---------- PROVIDED DATA

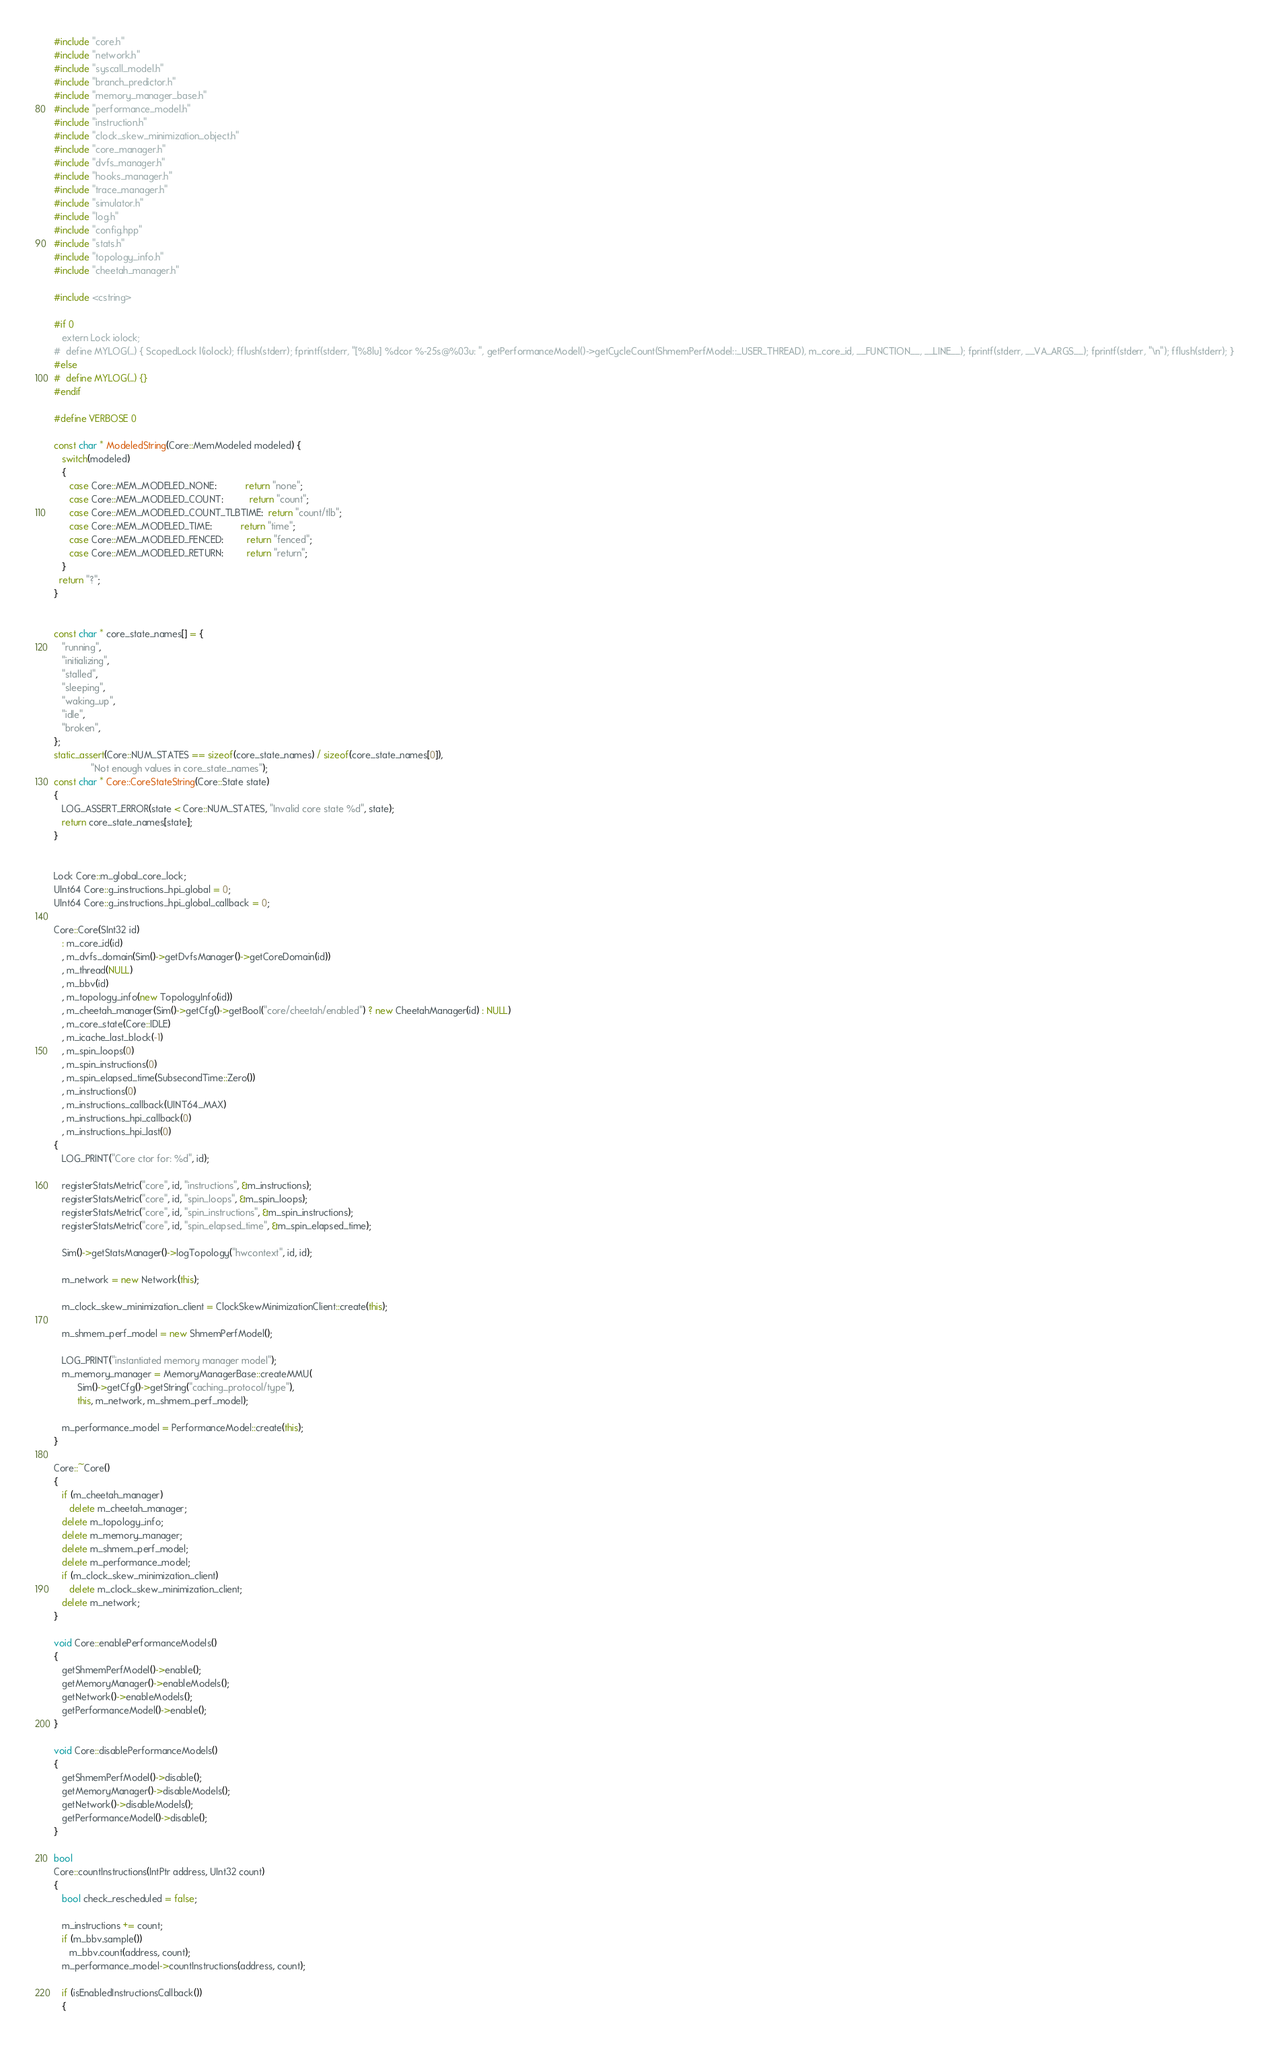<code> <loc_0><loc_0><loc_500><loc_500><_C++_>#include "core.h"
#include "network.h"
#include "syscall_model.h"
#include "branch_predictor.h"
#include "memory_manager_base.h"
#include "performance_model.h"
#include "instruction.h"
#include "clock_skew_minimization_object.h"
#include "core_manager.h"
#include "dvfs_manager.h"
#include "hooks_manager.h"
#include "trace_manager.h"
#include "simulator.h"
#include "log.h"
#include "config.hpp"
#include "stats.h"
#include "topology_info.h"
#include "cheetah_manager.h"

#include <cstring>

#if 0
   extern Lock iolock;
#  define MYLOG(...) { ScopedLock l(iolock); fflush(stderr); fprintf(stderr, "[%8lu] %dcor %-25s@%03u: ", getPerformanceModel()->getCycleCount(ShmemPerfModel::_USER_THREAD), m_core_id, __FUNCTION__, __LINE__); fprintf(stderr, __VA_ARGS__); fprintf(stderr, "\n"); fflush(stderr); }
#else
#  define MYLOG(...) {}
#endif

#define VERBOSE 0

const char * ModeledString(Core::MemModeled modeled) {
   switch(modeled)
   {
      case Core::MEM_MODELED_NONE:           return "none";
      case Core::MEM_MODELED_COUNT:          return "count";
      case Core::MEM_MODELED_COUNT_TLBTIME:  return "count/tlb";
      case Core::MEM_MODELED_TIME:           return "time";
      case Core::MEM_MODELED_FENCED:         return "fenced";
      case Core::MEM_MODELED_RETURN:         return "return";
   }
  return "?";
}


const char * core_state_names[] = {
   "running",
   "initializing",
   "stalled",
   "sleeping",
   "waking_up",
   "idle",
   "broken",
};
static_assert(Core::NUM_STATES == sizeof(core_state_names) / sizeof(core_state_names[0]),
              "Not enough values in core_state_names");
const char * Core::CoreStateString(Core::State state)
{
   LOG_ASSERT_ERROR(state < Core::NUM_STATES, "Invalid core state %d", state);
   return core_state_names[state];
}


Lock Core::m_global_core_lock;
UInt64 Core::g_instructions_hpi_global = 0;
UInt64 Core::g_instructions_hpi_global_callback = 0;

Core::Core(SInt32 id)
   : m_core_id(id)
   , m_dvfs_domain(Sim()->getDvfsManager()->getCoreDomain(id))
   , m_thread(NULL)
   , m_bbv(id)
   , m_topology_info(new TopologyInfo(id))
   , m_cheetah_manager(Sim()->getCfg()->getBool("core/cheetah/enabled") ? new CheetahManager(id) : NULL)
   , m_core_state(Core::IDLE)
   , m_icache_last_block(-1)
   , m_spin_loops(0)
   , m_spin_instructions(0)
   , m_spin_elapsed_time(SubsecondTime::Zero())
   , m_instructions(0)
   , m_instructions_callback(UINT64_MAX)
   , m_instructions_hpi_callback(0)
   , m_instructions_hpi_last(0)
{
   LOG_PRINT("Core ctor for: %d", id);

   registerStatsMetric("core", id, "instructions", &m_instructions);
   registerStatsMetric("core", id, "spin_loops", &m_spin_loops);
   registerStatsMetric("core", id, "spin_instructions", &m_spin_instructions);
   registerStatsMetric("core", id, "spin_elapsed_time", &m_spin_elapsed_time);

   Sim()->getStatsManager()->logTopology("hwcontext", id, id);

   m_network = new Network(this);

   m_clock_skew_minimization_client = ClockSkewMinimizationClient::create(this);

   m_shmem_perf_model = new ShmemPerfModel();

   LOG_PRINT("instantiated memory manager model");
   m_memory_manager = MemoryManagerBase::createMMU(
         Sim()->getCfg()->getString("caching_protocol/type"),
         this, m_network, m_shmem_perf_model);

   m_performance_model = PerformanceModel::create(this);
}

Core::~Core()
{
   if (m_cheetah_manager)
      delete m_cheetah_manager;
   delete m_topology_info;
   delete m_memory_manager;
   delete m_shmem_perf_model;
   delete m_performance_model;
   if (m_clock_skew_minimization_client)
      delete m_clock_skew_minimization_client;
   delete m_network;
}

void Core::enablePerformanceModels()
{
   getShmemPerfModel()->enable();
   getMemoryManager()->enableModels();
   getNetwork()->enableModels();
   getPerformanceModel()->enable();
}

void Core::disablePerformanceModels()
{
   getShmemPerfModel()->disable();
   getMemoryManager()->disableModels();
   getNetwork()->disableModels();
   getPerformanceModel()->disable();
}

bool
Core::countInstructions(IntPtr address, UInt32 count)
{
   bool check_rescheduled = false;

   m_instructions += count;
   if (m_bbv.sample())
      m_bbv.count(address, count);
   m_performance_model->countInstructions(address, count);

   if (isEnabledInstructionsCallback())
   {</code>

--------------------

## YOUR OBJECTIVE
Every entry above should be given again exactly, with no images included.

## OUTPUT FOR THIS EXERCISE
<code> <loc_0><loc_0><loc_500><loc_500><_C++_>#include "core.h"
#include "network.h"
#include "syscall_model.h"
#include "branch_predictor.h"
#include "memory_manager_base.h"
#include "performance_model.h"
#include "instruction.h"
#include "clock_skew_minimization_object.h"
#include "core_manager.h"
#include "dvfs_manager.h"
#include "hooks_manager.h"
#include "trace_manager.h"
#include "simulator.h"
#include "log.h"
#include "config.hpp"
#include "stats.h"
#include "topology_info.h"
#include "cheetah_manager.h"

#include <cstring>

#if 0
   extern Lock iolock;
#  define MYLOG(...) { ScopedLock l(iolock); fflush(stderr); fprintf(stderr, "[%8lu] %dcor %-25s@%03u: ", getPerformanceModel()->getCycleCount(ShmemPerfModel::_USER_THREAD), m_core_id, __FUNCTION__, __LINE__); fprintf(stderr, __VA_ARGS__); fprintf(stderr, "\n"); fflush(stderr); }
#else
#  define MYLOG(...) {}
#endif

#define VERBOSE 0

const char * ModeledString(Core::MemModeled modeled) {
   switch(modeled)
   {
      case Core::MEM_MODELED_NONE:           return "none";
      case Core::MEM_MODELED_COUNT:          return "count";
      case Core::MEM_MODELED_COUNT_TLBTIME:  return "count/tlb";
      case Core::MEM_MODELED_TIME:           return "time";
      case Core::MEM_MODELED_FENCED:         return "fenced";
      case Core::MEM_MODELED_RETURN:         return "return";
   }
  return "?";
}


const char * core_state_names[] = {
   "running",
   "initializing",
   "stalled",
   "sleeping",
   "waking_up",
   "idle",
   "broken",
};
static_assert(Core::NUM_STATES == sizeof(core_state_names) / sizeof(core_state_names[0]),
              "Not enough values in core_state_names");
const char * Core::CoreStateString(Core::State state)
{
   LOG_ASSERT_ERROR(state < Core::NUM_STATES, "Invalid core state %d", state);
   return core_state_names[state];
}


Lock Core::m_global_core_lock;
UInt64 Core::g_instructions_hpi_global = 0;
UInt64 Core::g_instructions_hpi_global_callback = 0;

Core::Core(SInt32 id)
   : m_core_id(id)
   , m_dvfs_domain(Sim()->getDvfsManager()->getCoreDomain(id))
   , m_thread(NULL)
   , m_bbv(id)
   , m_topology_info(new TopologyInfo(id))
   , m_cheetah_manager(Sim()->getCfg()->getBool("core/cheetah/enabled") ? new CheetahManager(id) : NULL)
   , m_core_state(Core::IDLE)
   , m_icache_last_block(-1)
   , m_spin_loops(0)
   , m_spin_instructions(0)
   , m_spin_elapsed_time(SubsecondTime::Zero())
   , m_instructions(0)
   , m_instructions_callback(UINT64_MAX)
   , m_instructions_hpi_callback(0)
   , m_instructions_hpi_last(0)
{
   LOG_PRINT("Core ctor for: %d", id);

   registerStatsMetric("core", id, "instructions", &m_instructions);
   registerStatsMetric("core", id, "spin_loops", &m_spin_loops);
   registerStatsMetric("core", id, "spin_instructions", &m_spin_instructions);
   registerStatsMetric("core", id, "spin_elapsed_time", &m_spin_elapsed_time);

   Sim()->getStatsManager()->logTopology("hwcontext", id, id);

   m_network = new Network(this);

   m_clock_skew_minimization_client = ClockSkewMinimizationClient::create(this);

   m_shmem_perf_model = new ShmemPerfModel();

   LOG_PRINT("instantiated memory manager model");
   m_memory_manager = MemoryManagerBase::createMMU(
         Sim()->getCfg()->getString("caching_protocol/type"),
         this, m_network, m_shmem_perf_model);

   m_performance_model = PerformanceModel::create(this);
}

Core::~Core()
{
   if (m_cheetah_manager)
      delete m_cheetah_manager;
   delete m_topology_info;
   delete m_memory_manager;
   delete m_shmem_perf_model;
   delete m_performance_model;
   if (m_clock_skew_minimization_client)
      delete m_clock_skew_minimization_client;
   delete m_network;
}

void Core::enablePerformanceModels()
{
   getShmemPerfModel()->enable();
   getMemoryManager()->enableModels();
   getNetwork()->enableModels();
   getPerformanceModel()->enable();
}

void Core::disablePerformanceModels()
{
   getShmemPerfModel()->disable();
   getMemoryManager()->disableModels();
   getNetwork()->disableModels();
   getPerformanceModel()->disable();
}

bool
Core::countInstructions(IntPtr address, UInt32 count)
{
   bool check_rescheduled = false;

   m_instructions += count;
   if (m_bbv.sample())
      m_bbv.count(address, count);
   m_performance_model->countInstructions(address, count);

   if (isEnabledInstructionsCallback())
   {</code>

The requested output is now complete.